Under that plan, McCain would offer taxpayers the option of sidestepping the increasingly complex income tax reporting system in favor of a significantly streamlined alternative approach. Those who choose the alternate system would be granted a larger standard deduction, a heftier personal exemption, and only two tax brackets to agonize over.
In calling for "a simpler, fairer Tax Code," the GOP candidate described the present system as virtually inscrutable.
"Nobody understands it, nobody trusts it, nobody believes in it, and we have to fix it," he said.

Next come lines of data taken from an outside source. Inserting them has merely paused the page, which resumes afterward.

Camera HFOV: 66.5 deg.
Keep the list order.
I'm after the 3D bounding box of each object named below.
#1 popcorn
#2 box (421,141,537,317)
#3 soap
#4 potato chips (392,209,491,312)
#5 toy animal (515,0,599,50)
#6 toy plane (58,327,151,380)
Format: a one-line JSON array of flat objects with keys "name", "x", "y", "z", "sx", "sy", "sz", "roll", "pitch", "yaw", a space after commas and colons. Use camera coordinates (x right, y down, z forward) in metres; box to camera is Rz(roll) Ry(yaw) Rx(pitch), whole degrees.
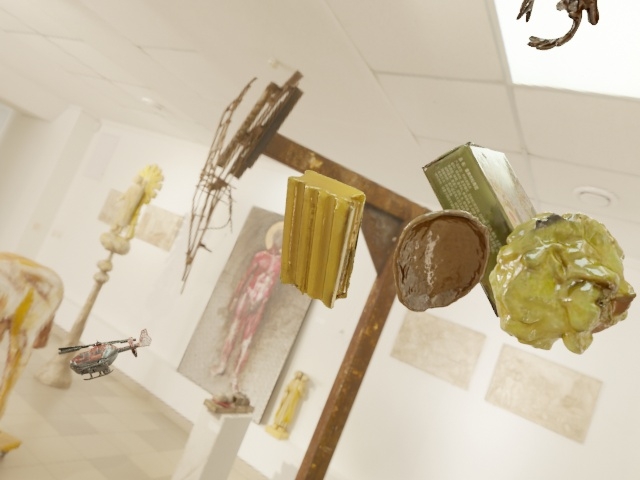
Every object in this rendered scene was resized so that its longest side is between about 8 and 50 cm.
[{"name": "popcorn", "x": 0.455, "y": 0.078, "z": 0.930, "sx": 0.252, "sy": 0.286, "sz": 0.215, "roll": 40, "pitch": -16, "yaw": 26}, {"name": "box", "x": 0.468, "y": -0.038, "z": 1.273, "sx": 0.138, "sy": 0.421, "sz": 0.372, "roll": -31, "pitch": -12, "yaw": 31}, {"name": "soap", "x": 0.000, "y": 0.001, "z": 1.279, "sx": 0.204, "sy": 0.325, "sz": 0.096, "roll": 28, "pitch": 36, "yaw": 30}, {"name": "potato chips", "x": 0.188, "y": 0.029, "z": 0.776, "sx": 0.150, "sy": 0.049, "sz": 0.202, "roll": -9, "pitch": -49, "yaw": 1}, {"name": "toy animal", "x": 0.405, "y": -0.318, "z": 0.588, "sx": 0.243, "sy": 0.260, "sz": 0.087, "roll": 36, "pitch": -19, "yaw": 49}, {"name": "toy plane", "x": -0.355, "y": 0.188, "z": 0.814, "sx": 0.144, "sy": 0.037, "sz": 0.060, "roll": -14, "pitch": 48, "yaw": -20}]

As president, McCain said that he would design a new Tax Code for Americans that "they can understand and that they know is fair."

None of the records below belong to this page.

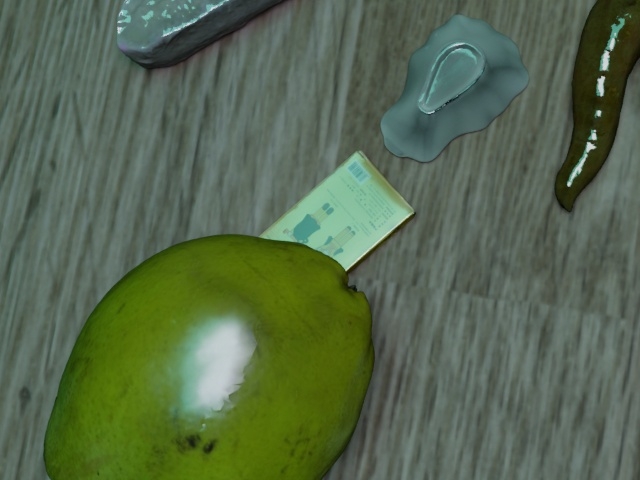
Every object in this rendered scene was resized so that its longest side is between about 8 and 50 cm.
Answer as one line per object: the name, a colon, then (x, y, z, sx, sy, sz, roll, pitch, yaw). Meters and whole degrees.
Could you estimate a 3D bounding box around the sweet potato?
sweet potato: (0.234, -0.145, 1.010, 0.069, 0.059, 0.249, 28, 89, 0)

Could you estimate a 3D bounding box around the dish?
dish: (0.104, -0.126, 1.032, 0.091, 0.039, 0.137, 42, 86, 13)

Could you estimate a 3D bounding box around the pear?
pear: (-0.082, 0.111, 0.929, 0.269, 0.212, 0.212, -36, 76, 1)

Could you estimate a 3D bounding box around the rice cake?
rice cake: (0.005, -0.261, 1.058, 0.399, 0.070, 0.064, -30, 76, 1)

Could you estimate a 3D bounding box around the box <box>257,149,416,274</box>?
box: (0.000, 0.000, 1.033, 0.149, 0.020, 0.073, -40, 77, -1)

Unlike Democrat Barack Obama, who has promised to repeal most of the Bush tax cuts, McCain has pledged to make permanent all of the reductions, except for the estate tax repeal. Under his plan, a permanent 15 percent "death tax" would be imposed on taxable estates over $5 million.
Although the GOP nominee has discussed the need to repeal the Alternative Minimum Tax during the campaign, his formal tax plan stops short of immediate elimination. Instead, he would extend and index the 2007 AMT "patch" for inflation, and begin raising the threshold by an additional 5 percent annually in 2013.

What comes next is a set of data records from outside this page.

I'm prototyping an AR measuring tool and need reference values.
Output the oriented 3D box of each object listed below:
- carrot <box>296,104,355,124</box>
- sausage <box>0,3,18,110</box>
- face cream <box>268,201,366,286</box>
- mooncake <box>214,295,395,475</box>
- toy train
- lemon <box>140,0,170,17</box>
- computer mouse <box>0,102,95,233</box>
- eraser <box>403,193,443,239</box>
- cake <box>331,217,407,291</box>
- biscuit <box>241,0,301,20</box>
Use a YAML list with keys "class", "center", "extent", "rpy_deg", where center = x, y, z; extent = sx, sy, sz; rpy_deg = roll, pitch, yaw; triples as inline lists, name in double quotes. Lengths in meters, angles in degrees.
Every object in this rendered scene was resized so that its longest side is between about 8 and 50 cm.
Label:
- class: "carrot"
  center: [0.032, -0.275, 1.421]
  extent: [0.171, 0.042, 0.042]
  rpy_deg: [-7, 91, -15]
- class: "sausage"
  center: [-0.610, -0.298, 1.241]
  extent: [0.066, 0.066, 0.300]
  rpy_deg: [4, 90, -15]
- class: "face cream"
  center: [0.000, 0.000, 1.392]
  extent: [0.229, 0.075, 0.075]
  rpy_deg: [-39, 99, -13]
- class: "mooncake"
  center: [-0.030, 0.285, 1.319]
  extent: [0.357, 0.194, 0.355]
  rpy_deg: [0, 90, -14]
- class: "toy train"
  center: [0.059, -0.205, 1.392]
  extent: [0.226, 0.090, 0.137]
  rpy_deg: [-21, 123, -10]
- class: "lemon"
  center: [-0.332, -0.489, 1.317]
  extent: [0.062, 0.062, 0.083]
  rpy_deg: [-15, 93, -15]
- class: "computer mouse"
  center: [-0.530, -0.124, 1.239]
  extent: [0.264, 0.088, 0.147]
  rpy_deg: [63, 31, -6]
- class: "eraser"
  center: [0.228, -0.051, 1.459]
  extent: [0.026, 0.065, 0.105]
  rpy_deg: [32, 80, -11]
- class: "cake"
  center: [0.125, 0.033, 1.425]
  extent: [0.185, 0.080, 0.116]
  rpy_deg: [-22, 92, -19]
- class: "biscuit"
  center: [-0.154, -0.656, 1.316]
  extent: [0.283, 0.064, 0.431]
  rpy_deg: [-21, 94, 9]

McCain has also proposed a series of new tax cuts, including several targeted to reduce the burden on businesses.
In addition to slicing the maximum corporate tax rate from 35 to 25 percent, McCain wants to allow a first-year deduction of three- and five-year equipment purchases. He would also convert the current tax credit for research and development to a 10 percent credit for wages incurred for R&D.
For individual taxpayers, he is calling for a 70 percent increase in the dependent exemption. McCain has also ruled out increases in the current tax rates for dividends and capital gains, and wants an outright ban on federal Internet or cell phone taxes.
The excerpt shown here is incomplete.